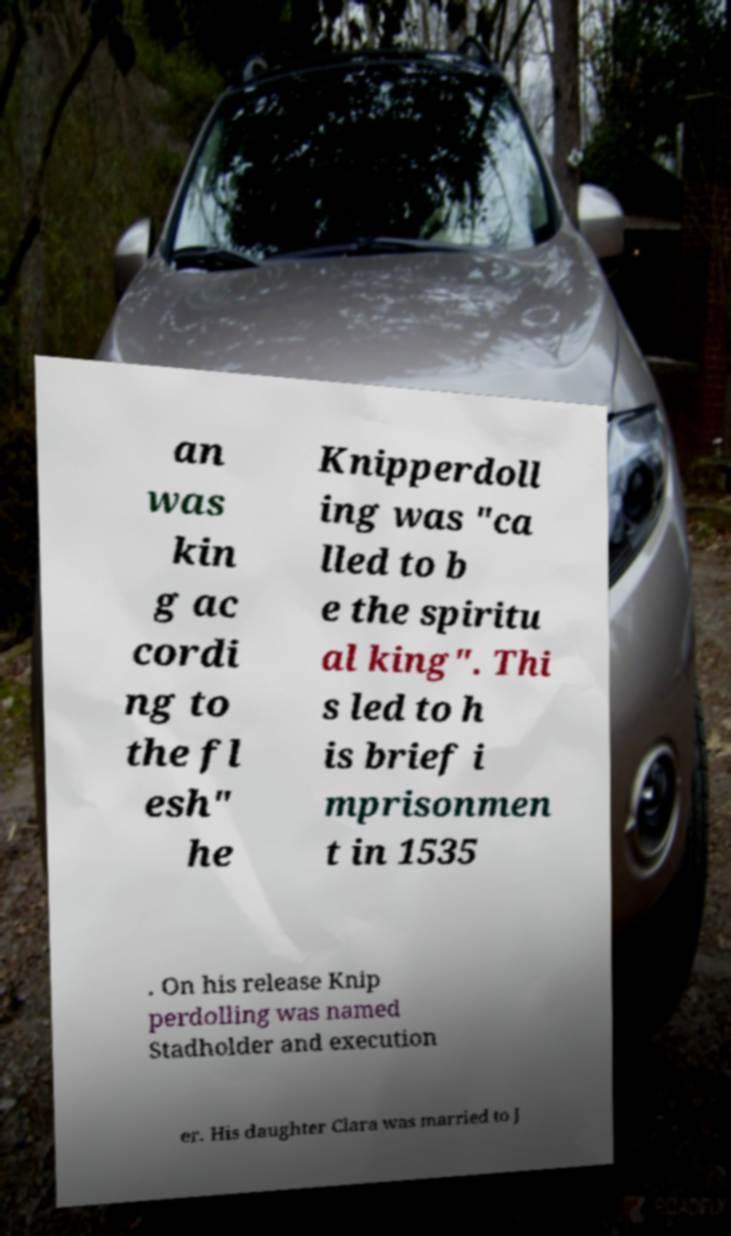There's text embedded in this image that I need extracted. Can you transcribe it verbatim? an was kin g ac cordi ng to the fl esh" he Knipperdoll ing was "ca lled to b e the spiritu al king". Thi s led to h is brief i mprisonmen t in 1535 . On his release Knip perdolling was named Stadholder and execution er. His daughter Clara was married to J 
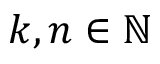Convert formula to latex. <formula><loc_0><loc_0><loc_500><loc_500>k , n \in \mathbb { N }</formula> 
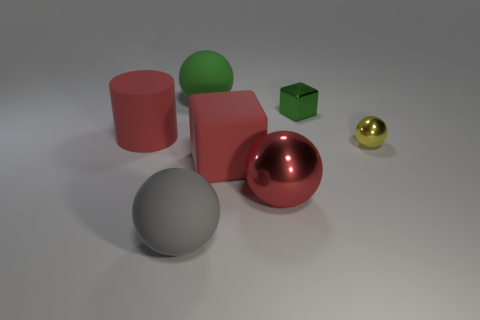Add 3 gray rubber things. How many objects exist? 10 Subtract all spheres. How many objects are left? 3 Add 1 big red spheres. How many big red spheres exist? 2 Subtract 0 gray cylinders. How many objects are left? 7 Subtract all green cubes. Subtract all red balls. How many objects are left? 5 Add 1 tiny metallic cubes. How many tiny metallic cubes are left? 2 
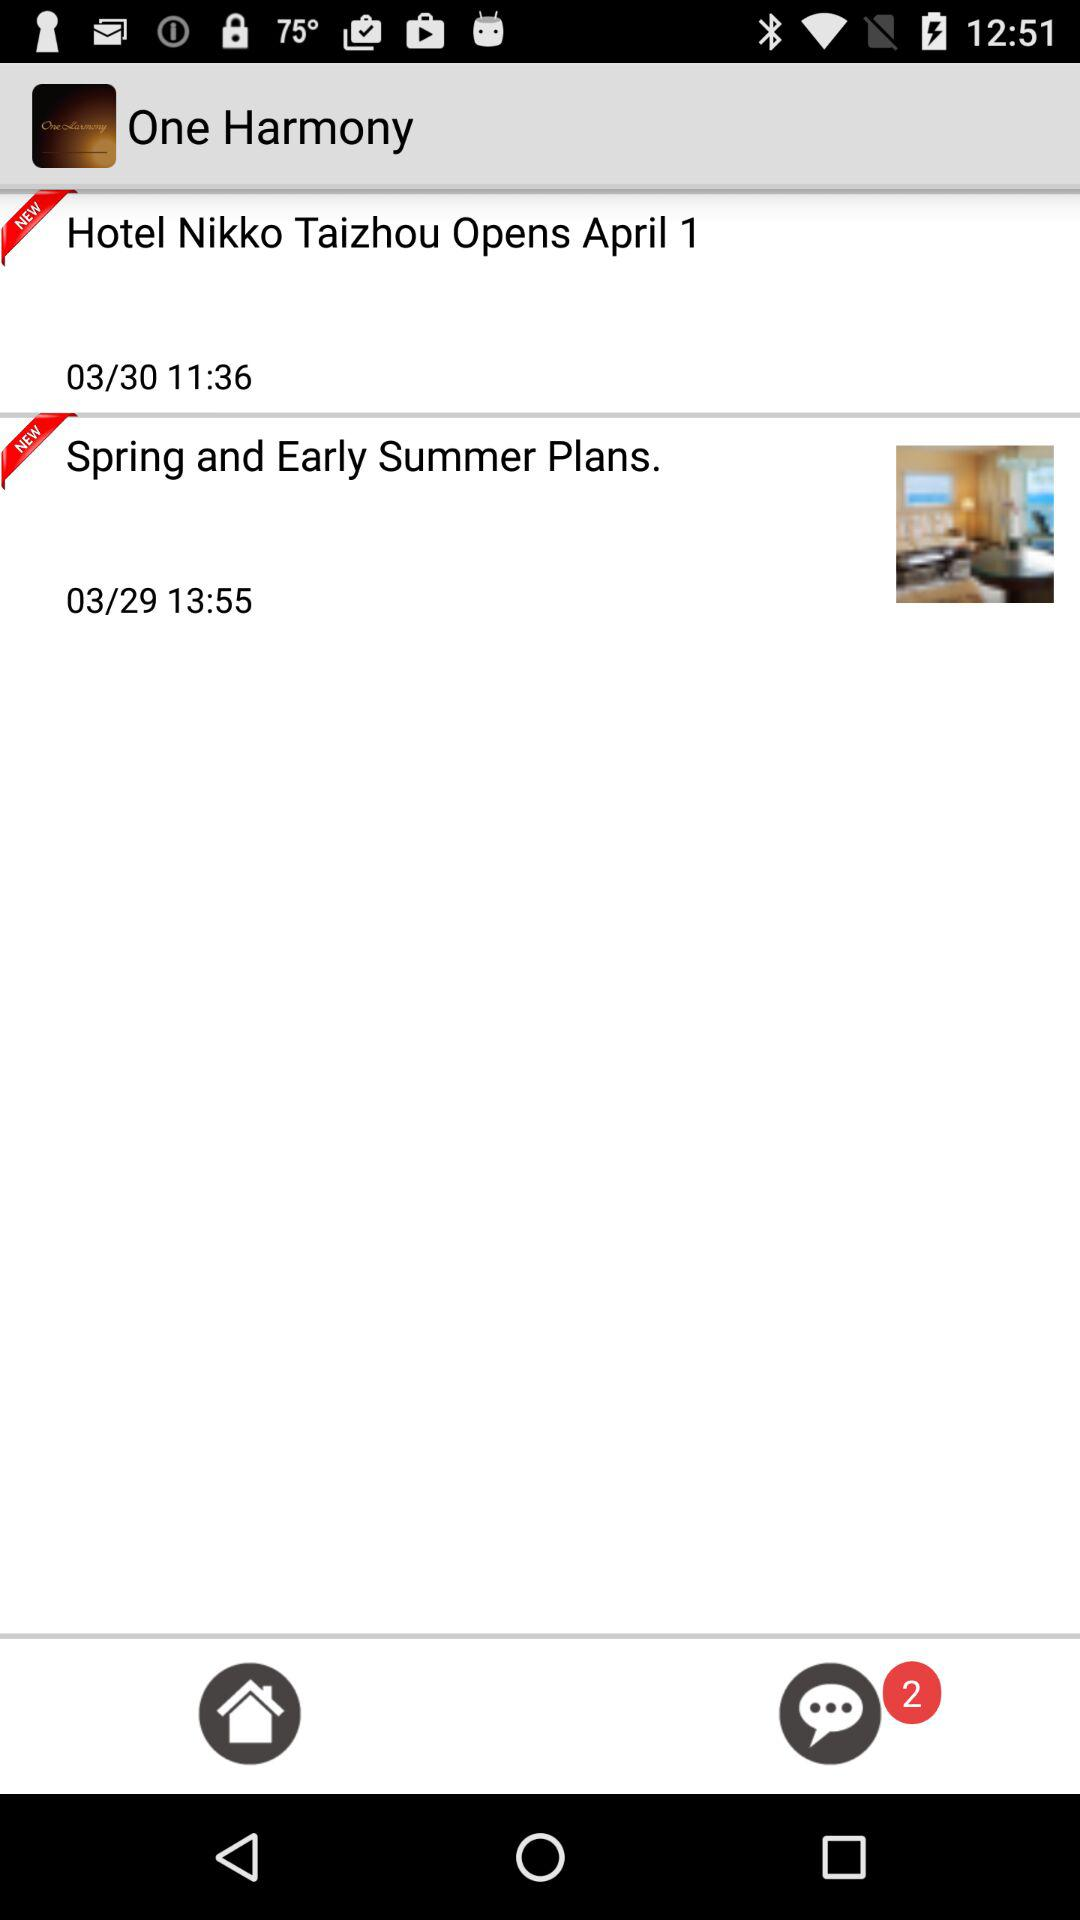How many unread items are there in total?
Answer the question using a single word or phrase. 2 
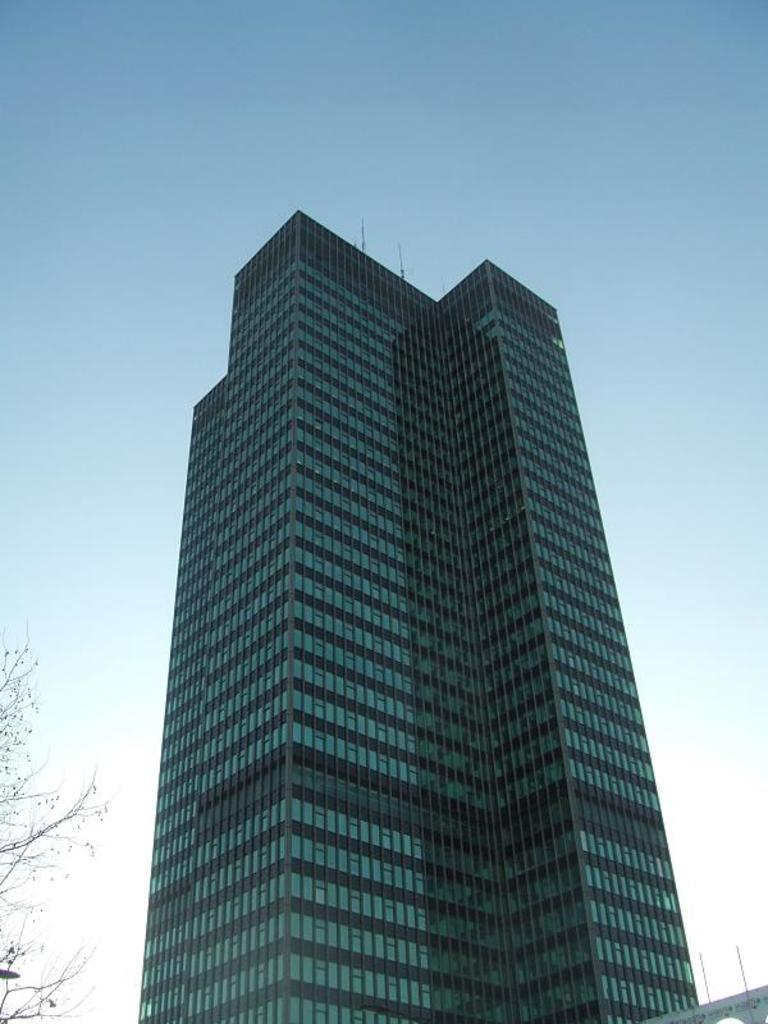In one or two sentences, can you explain what this image depicts? In this image we can see the building. We can also see the tree. In the background there is sky. 
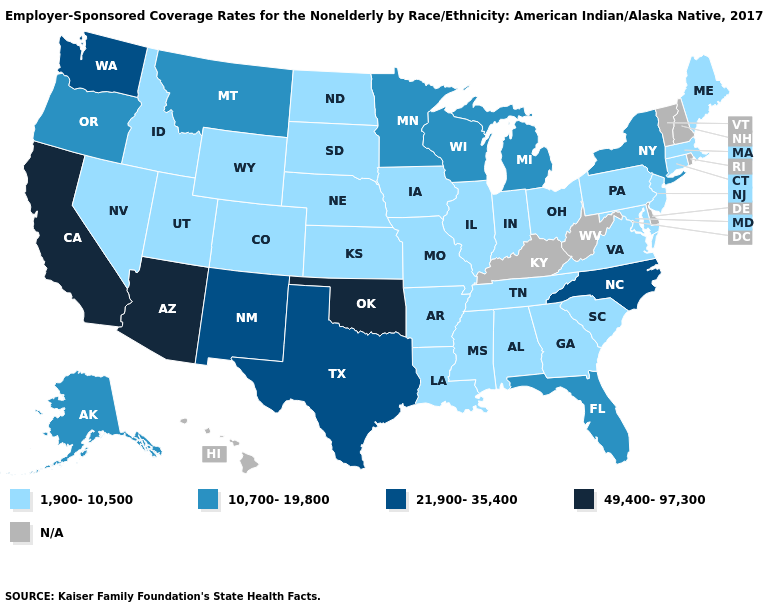Among the states that border Louisiana , does Texas have the lowest value?
Short answer required. No. How many symbols are there in the legend?
Give a very brief answer. 5. Which states hav the highest value in the MidWest?
Short answer required. Michigan, Minnesota, Wisconsin. What is the value of Oklahoma?
Write a very short answer. 49,400-97,300. Does North Carolina have the lowest value in the USA?
Concise answer only. No. Does Louisiana have the lowest value in the USA?
Keep it brief. Yes. Does the map have missing data?
Be succinct. Yes. Does South Carolina have the highest value in the South?
Concise answer only. No. Does California have the highest value in the USA?
Answer briefly. Yes. Name the states that have a value in the range 10,700-19,800?
Keep it brief. Alaska, Florida, Michigan, Minnesota, Montana, New York, Oregon, Wisconsin. Does New York have the lowest value in the Northeast?
Be succinct. No. Does Michigan have the lowest value in the USA?
Keep it brief. No. 
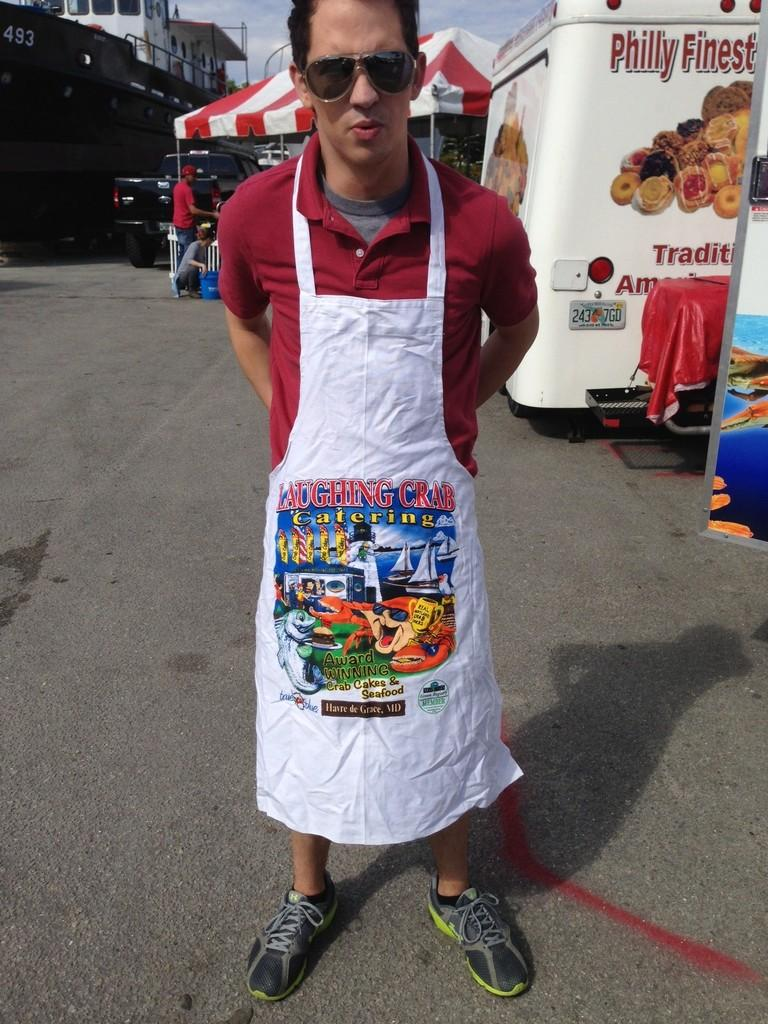<image>
Create a compact narrative representing the image presented. A man wearing a white apron with the words "Laughing Crab" written on it. 
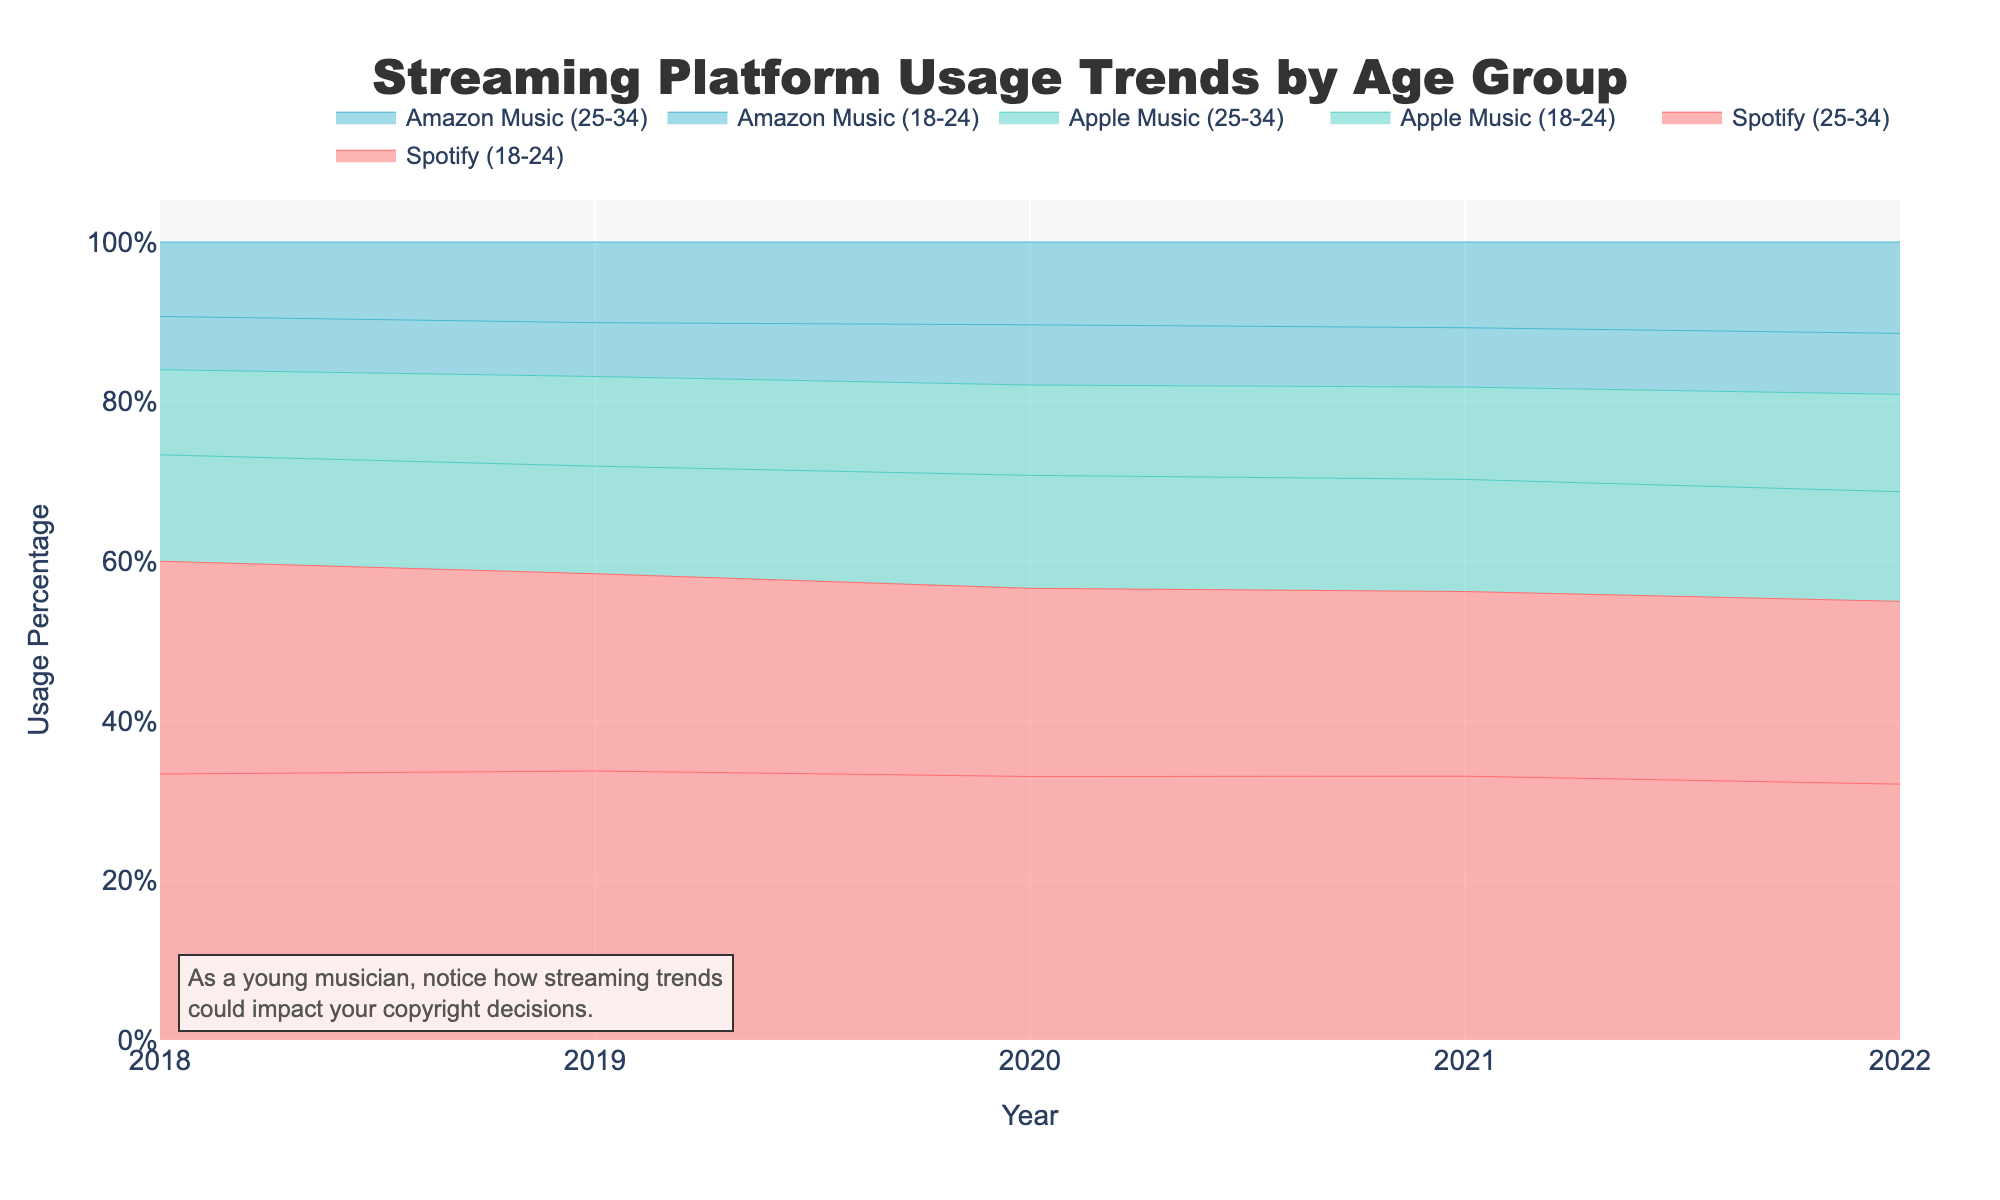What is the title of the figure? The title of the figure is prominently displayed at the top. According to the provided code, the title is 'Streaming Platform Usage Trends by Age Group'.
Answer: Streaming Platform Usage Trends by Age Group Which age group shows the highest Spotify usage in 2022? By looking at the 2022 data points for Spotify, we observe that the 18-24 age group has a higher percentage usage compared to the 25-34 age group.
Answer: 18-24 How has Apple Music usage changed for the 25-34 age group from 2018 to 2022? To find this, observe the Apple Music line for the 25-34 age group. In 2018, the usage percentage is 8%, and in 2022, it is 16%.
Answer: Increased by 8% Compare the trend of Spotify usage between the 18-24 and 25-34 age groups from 2018 to 2022. Look at the lines representing Spotify for both age groups. Both show an increasing trend, but the 18-24 age group has a steeper incline and higher overall percentages than the 25-34 age group.
Answer: 18-24 has a steeper incline and higher percentages Which platform had the lowest usage among 18-24-year-olds in 2018? Identify the data points for each platform among the 18-24 age group in 2018. The lowest percentage usage is seen in Amazon Music with 5%.
Answer: Amazon Music What is the combined Spotify usage for both age groups in 2019? Sum the usage percentages of both age groups for Spotify in 2019. For 18-24, it is 30%, and for 25-34, it is 22%. The combined usage is 30% + 22%.
Answer: 52% Which platform shows a larger increase in usage for the 25-34 age group between 2018 and 2022, Spotify or Amazon Music? Compare the increase in usage percentages for Spotify and Amazon Music between 2018 and 2022 in the 25-34 age group. Spotify increases from 20% to 30% (10%), while Amazon Music increases from 7% to 15% (8%).
Answer: Spotify (10%) Has the usage percentage for Apple Music increased or decreased among the 18-24 age group between 2018 and 2022, and by how much? Look at the Apple Music line for the 18-24 age group. In 2018, the usage percentage is 10%, and in 2022, it is 18%.
Answer: Increased by 8% Which age group shows a consistent increase in usage for all three platforms from 2018 to 2022? Examine the usage trends for both age groups across all three platforms. Both age groups show increasing trends, making the answer applicable to both.
Answer: Both age groups What annotation is added for the young musician in the figure? An annotation at the bottom left of the figure notes, "As a young musician, notice how streaming trends could impact your copyright decisions."
Answer: "As a young musician, notice how streaming trends could impact your copyright decisions." 
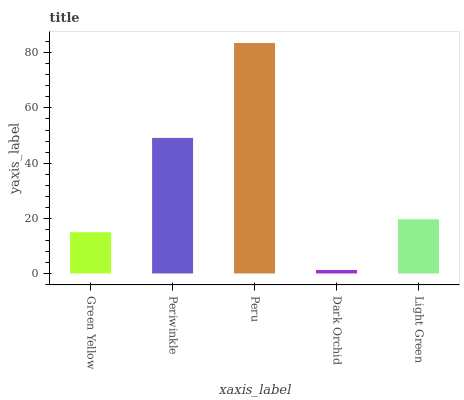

____

• **Goal of the exercise**: Working from the entries above, please transcribe only the lines from the line with "Be succinct. Yes." through the line with "Answer: 18-24 How", exactly, with both end lines and without pictures.

• **Answer to the exercise**:
Be succinct. Yes. Does South Carolina have the highest value in the South?
Concise answer only. No. Does California have the highest value in the USA?
Answer briefly. Yes. Name the states that have a value in the range 10,700-19,800?
Keep it brief. Alaska, Florida, Michigan, Minnesota, Montana, New York, Oregon, Wisconsin. Does New York have the lowest value in the Northeast?
Be succinct. No. Does Michigan have the lowest value in the USA?
Keep it brief. No. 
<image>
Create a compact narrative representing the image presented. A man wearing a white apron with the words "Laughing Crab" written on it. 
What is the title of the figure? The title of the figure is prominently displayed at the top. According to the provided code, the title is 'Streaming Platform Usage Trends by Age Group'.
Answer: Streaming Platform Usage Trends by Age Group Which age group shows the highest Spotify usage in 2022? By looking at the 2022 data points for Spotify, we observe that the 18-24 age group has a higher percentage usage compared to the 25-34 age group.
Answer: 18-24 How has Apple Music usage changed for the 25-34 age group from 2018 to 2022? To find this, observe the Apple Music line for the 25-34 age group. In 2018, the usage percentage is 8%, and in 2022, it is 16%.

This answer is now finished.